To get sack time, avoid snacktime
JGH News, Spring 2010
Having trouble falling asleep? Maybe the culprit is what you’re eating—and it may even be contributing to weight gain, says Patricia Urrico, a nutritionist in the JGH Cardiovascular Prevention Centre. Ms. Urrico cites a recent study in the Journal of Clinical Nutrition that links short sleep duration with a greater risk of gaining weight, caused by excessive snacking in the evening.
So what can help you drift off to dreamland? Since caffeine enhances alertness and takes a while to leave the body, Ms. Urrico suggests you steer clear of caffeinated foods such as coffee, tea, soft drinks and chocolate in the evening. Early afternoon would be a good time for your last caffeinated item. Ditto for alcohol, which can disrupt sleep. Late-night sweets can also cause blood sugar to rise while adding undesirable pounds over time.

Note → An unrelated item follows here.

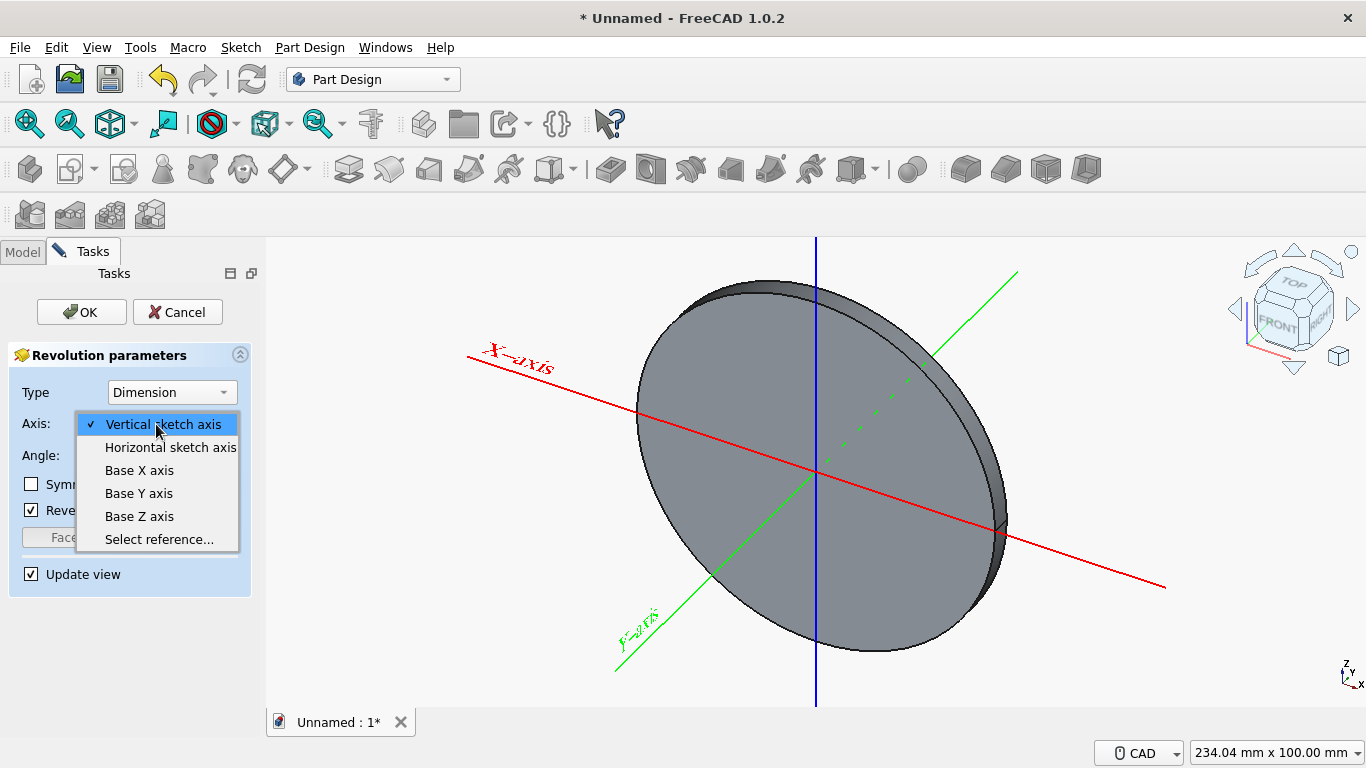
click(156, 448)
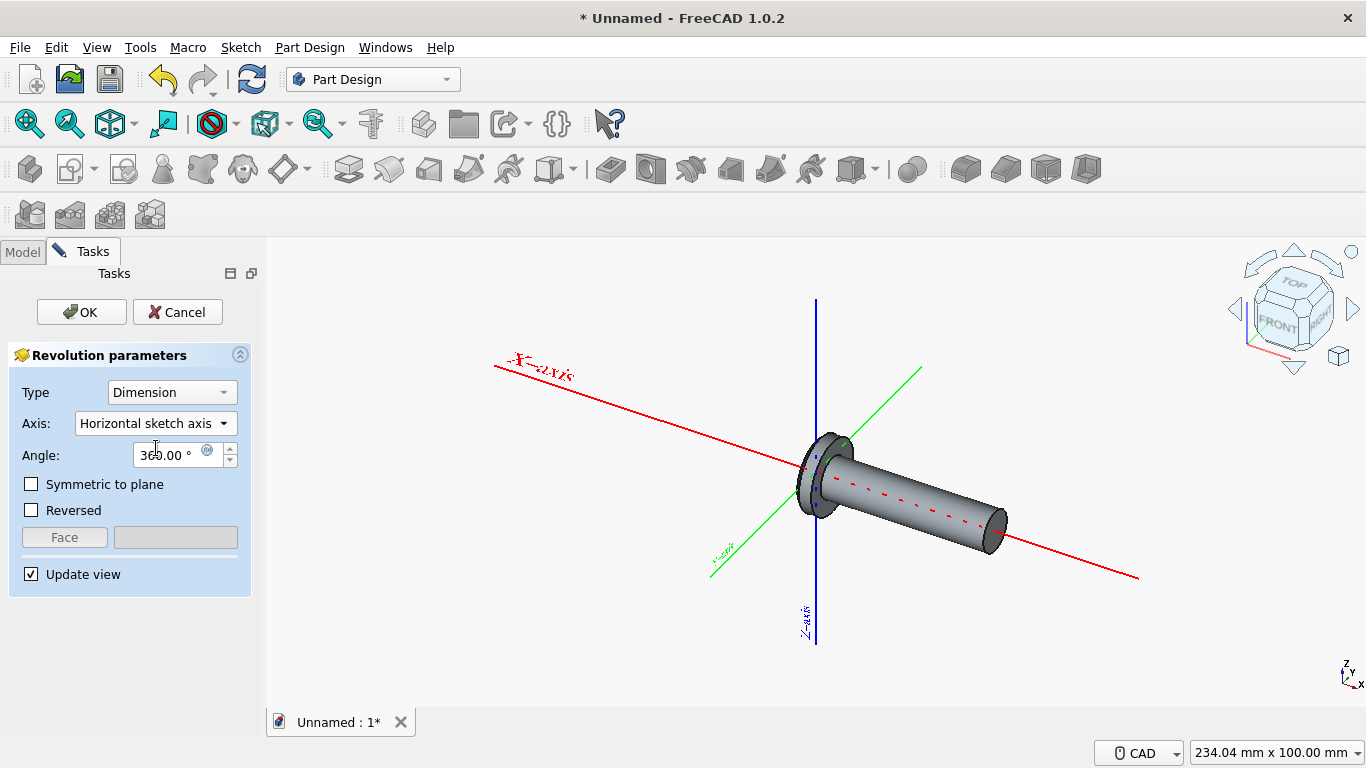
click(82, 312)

But let’s be practical: there are evenings when you just have to quell those hunger pangs. That’s when you can turn to that time-honoured remedy, warm milk. Dairy products contain tryptophan, an amino acid that causes the body to produce the serotonin that’s necessary for falling asleep. Foods with complex carbohydrates can help, too. So instead of counting sheep, go the healthy route by pairing one food from the tryptophan rich column with one from the complex-carbohydrate column. Sweet dreams!

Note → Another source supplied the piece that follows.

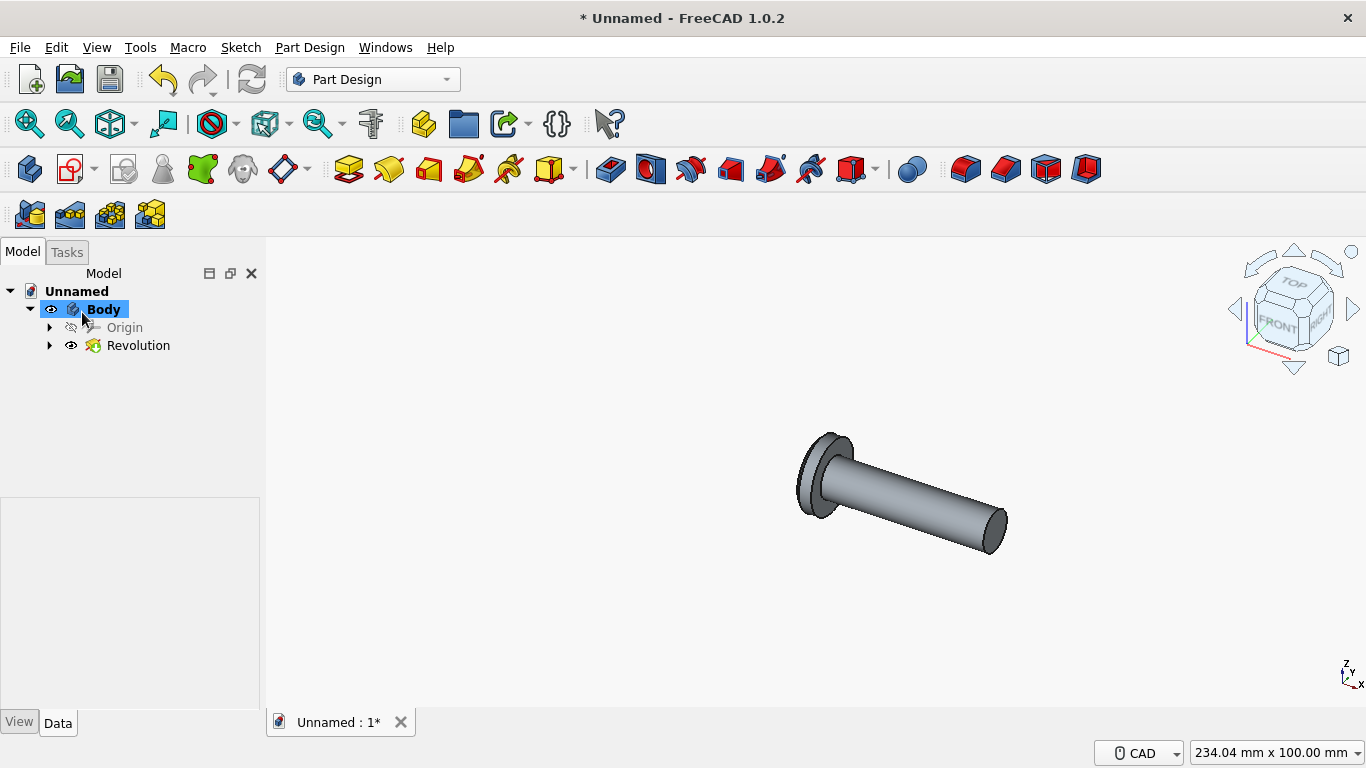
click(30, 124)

- 28 grams mozzarella cheese
- 1 cup milk
- 1 cup yogurt
- 55 grams sliced turkey breast
- Handful of peanuts, cashews, or almonds
- 2 tablespoons hummus
- 6 whole grain crackers
- 1 small bran muffin
- ½ cup whole grain cereal
- 1 slice whole wheat bread
- ½ whole grain pita
- ½ cup oatmeal
For more information, consult a registered dietitian or nutritionist. In the meantime, you can visit HealthCastle.com et SleepFoundation.org.
Sugar and salt may lurk in the unlikeliest foods
JGH News, Fall 2007
Watch out: The supposedly healthy snack that you’re about to enjoy may not be as good for you as you think. Many products are marketed as “healthy”, but closer examination reveals they leave a lot to be desired.
According to Patricia Urrico, nutritionist at the JGH's Cardiovascular Prevention Centre, two ingredients deserve special attention:
Sugar – Avoiding candy is a no brainer, but what about fruit juice? Ms. Urrico says a four to six ounce glass of juice could actually contain up to the equivalent of four sugar cubes—a possible cause of tooth decay and childhood obesity, as well as dehydration. So be vigilant when reading juice labels. If sugar is listed as the first or second ingredient, there’s too much of it. This is especially important if you’re watching your weight or if you have diabetes or high triglycerides. Here’s a better bet: Eat fresh fruit.
Sodium (salt) – It’s easy to steer clear of salty foods like potato chips, but sodium may be lurking where you least expect it. When dining out, many of us opt for sparkling water, not realizing how high its sodium content is. Instead, choose still water. Ironically, elevated levels of sodium are also found in many pre packaged diet meals, Ms. Urrico warns. Why be concerned? Because too much sodium can contribute to high blood pressure, weight gain and water retention. Over consuming it may cause puffy eyes and swollen ankles or knuckles.
Also, when you shop in a supermarket, it’s a good idea to stick with products that are placed along the store’s outer walls, Ms. Urrico says. That’s where you’ll generally find fresh fruit and vegetables, fresh fish and meat, dairy products and eggs. Processed foods that contain excessive fat, sugar and sodium are usually found in aisles in the middle of the store.
So if you want to eat right, don’t make any hasty assumptions about food. Ms. Urrico suggests you get your information from a reliable source, such as a registered dietitian or nutritionist. You can also turn to dependable Internet sites such as HealthCastle.com, Extenso.org, PasseportSante.net, Opdq.org and Dietitians.ca.